The View from Here: Heroes, liars and the real failure of journalism

 

The current administration in Washington is finding out the inherent danger in pathological lying: once the snowball starts rolling down the hill, it's awfully hard to stop.

Pat Tillman became the poster boy for the "War against Terror" when he eschewed a multi-million-dollar professional football contract to become a Ranger in that war. When he was killed, the Army slathered him with accolades and awarded him medals that were supposed to salve his family's sense of loss and trumpet the heroism of another soldier offering the "last full measure of devotion" to his country. But even the best of intentions don't obviate prevarication. The army knew all along that Tillman, who as a Ranger was deemed the "best of the best," had been killed by his own comrades. They knew and they were ashamed of it and they destroyed evidence to cover up the fact that Tillman had been killed by friendly fire rather than heroically taking on a determined enemy to protect his comrades. Make no mistake about it: Tillman is still a heroic figure. The circumstances of his death don't cheapen his commitment or his dedication and certainly not his heroism. But this is what happens when the foundation of our policy is based on lies.

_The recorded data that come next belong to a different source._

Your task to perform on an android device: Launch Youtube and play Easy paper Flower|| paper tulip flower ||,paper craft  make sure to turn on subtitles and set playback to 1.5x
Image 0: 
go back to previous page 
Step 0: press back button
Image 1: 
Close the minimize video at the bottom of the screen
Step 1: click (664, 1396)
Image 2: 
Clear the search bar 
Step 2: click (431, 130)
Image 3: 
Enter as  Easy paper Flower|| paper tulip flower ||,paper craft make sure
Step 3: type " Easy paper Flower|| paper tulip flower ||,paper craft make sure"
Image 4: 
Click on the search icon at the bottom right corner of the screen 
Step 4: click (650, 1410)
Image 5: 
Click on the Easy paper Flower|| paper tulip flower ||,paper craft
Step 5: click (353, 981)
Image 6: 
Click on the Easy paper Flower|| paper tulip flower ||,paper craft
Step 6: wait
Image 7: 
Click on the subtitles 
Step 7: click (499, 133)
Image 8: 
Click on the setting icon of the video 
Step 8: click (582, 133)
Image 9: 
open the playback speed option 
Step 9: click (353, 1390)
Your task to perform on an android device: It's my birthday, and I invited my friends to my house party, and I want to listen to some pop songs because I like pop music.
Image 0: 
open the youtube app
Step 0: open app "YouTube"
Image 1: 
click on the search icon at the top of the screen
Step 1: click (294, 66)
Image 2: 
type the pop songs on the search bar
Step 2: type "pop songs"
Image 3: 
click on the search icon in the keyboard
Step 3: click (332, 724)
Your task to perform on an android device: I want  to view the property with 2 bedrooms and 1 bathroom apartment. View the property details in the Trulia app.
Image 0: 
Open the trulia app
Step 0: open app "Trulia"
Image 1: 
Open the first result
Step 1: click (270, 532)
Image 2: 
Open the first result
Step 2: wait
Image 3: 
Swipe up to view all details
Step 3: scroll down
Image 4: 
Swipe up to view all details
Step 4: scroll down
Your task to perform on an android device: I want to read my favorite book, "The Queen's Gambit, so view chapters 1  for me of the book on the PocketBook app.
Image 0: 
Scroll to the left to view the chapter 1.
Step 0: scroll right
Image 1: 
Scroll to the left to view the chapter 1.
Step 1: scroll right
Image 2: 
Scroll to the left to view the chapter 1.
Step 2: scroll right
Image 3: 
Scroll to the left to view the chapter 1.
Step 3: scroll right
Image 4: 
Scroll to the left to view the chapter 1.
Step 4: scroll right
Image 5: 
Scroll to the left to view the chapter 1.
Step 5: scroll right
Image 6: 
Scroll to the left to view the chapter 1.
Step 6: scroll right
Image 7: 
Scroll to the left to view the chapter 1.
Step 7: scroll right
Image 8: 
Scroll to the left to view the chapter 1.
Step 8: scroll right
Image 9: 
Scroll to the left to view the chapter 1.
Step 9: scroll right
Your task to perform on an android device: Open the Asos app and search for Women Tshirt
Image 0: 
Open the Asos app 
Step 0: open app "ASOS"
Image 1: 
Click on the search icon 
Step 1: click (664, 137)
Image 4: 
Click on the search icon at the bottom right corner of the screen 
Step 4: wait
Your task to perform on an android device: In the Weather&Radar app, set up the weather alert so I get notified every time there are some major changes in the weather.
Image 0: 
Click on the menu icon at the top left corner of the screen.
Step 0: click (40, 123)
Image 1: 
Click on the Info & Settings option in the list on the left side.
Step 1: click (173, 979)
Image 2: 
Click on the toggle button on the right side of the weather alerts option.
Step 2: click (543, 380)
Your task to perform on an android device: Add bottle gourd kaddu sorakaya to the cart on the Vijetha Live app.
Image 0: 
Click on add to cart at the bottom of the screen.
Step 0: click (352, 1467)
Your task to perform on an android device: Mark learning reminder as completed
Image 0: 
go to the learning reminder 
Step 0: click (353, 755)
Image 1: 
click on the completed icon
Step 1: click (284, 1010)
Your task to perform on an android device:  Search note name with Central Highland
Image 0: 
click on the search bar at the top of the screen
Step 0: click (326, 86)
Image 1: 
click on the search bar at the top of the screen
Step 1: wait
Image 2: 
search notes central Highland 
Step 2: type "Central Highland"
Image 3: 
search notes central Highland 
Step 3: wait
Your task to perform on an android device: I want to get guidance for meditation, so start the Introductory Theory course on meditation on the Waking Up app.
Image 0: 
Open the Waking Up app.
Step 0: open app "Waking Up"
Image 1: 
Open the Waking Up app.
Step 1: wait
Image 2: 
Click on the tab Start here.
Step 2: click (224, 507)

Remember Jessica Lynch? - the blue-eyed blonde heroine of an Iraqi ambush that resulted in her capture and subsequent "rescue" from the hands of the infidels? Remember what we were told about the circumstances of her capture? How she had fought off the Iraqis with her trusty M-16? How her rescuers fought through armed guards to rescue her? Remember the pride you felt knowing that soldiers still had that kind of heroic commitment? How happy you were to see that smiling face of hers riding through the parade in her hometown with her shiny new Bronze Star? Then remember the revulsion you felt (or should have) when you found out it was all propagandized bullshit? There were heroes the day Lynch was wounded, of course; they just didn't fit into the Army's image of who was fighting the war in Iraq. Thus, the Army ignored the fact that Jessica Lynch's weapon jammed and she never fire a shot. They ignored also that the woman who did the shooting and who did actually keep the Iraqis at bay was a Hopi Indian named Lori Pestewa, who paid for her heroism with her life. The real tragedy, besides the obvious tragedy of needless death in a needless war, is the habitual lying dishonors and discards those who don't fit the military's image of heroism and elevates those who do, regardless of their merit.

But that is the way of the Bush Administration. It is not enough to allow programs to stand on their merits. Discussion is stifled when the president's audiences are all hand-picked and forced to sign loyalty oaths before being allowed in to hear him speak. Fake reporters are surreptitiously bought and paid for with taxpayer money to preach the gospel according to George. Character assassins are paid to destroy the reputations of those who deviate from that gospel. And in the greatest hypocrisy of all, the entire charade is applauded, encouraged, promoted, repeated, and alleleuia-ed by an unholy chorus of officious religious fanatics embracing "moral values."

Have you, like the Spectator, wondered when the media in this country is going to stop its self-flagellation and tell the Administration to pound salt? The flap about the Newsweek story about the desecration of the Koran is just the latest straw. Here's an administration that made a decision to go to war without any evidenciary justification, and administration that justified its war on the rantings and ravings of an Iraqi liar the rest of the world knew was full of crap. An administration that  who lied repeatedly to the Congress, the media and the American people  now saying the media has to be "more responsible." Give me a break!

The media did what Bush did - used one anonymous source. The media did what Bush did - got it wrong because the source was unreliable. But the media also continues to do what Bush refuses - they admit their mistakes.

The White House spinmeisters must be giddy every time the media makes a mistake. Those mistakes allow the attention to be moved off the sins of the administration and focused on the media. Look at Dan Rather. The real story in that tawdry episode was the truth about what was being alleged in the phony memo: Did Bush get favored-son treatment that allowed him to avoid service in Vietnam, to get into flight school, and continued to protect him when he washed out of flight status, and when he went absent without leave? Instead, Dan Rather and the "liberal bias" of the media became the story. Attention was diverted away from the fact that Bush cheated and lied and didn't deserve an honorable discharge at all.

Most newspapers have an obscure place for corrections. Why don't they use it in cases like this? Or put it on page one, where it belongs, right alongside the latest spin or fiction to come out of the White House?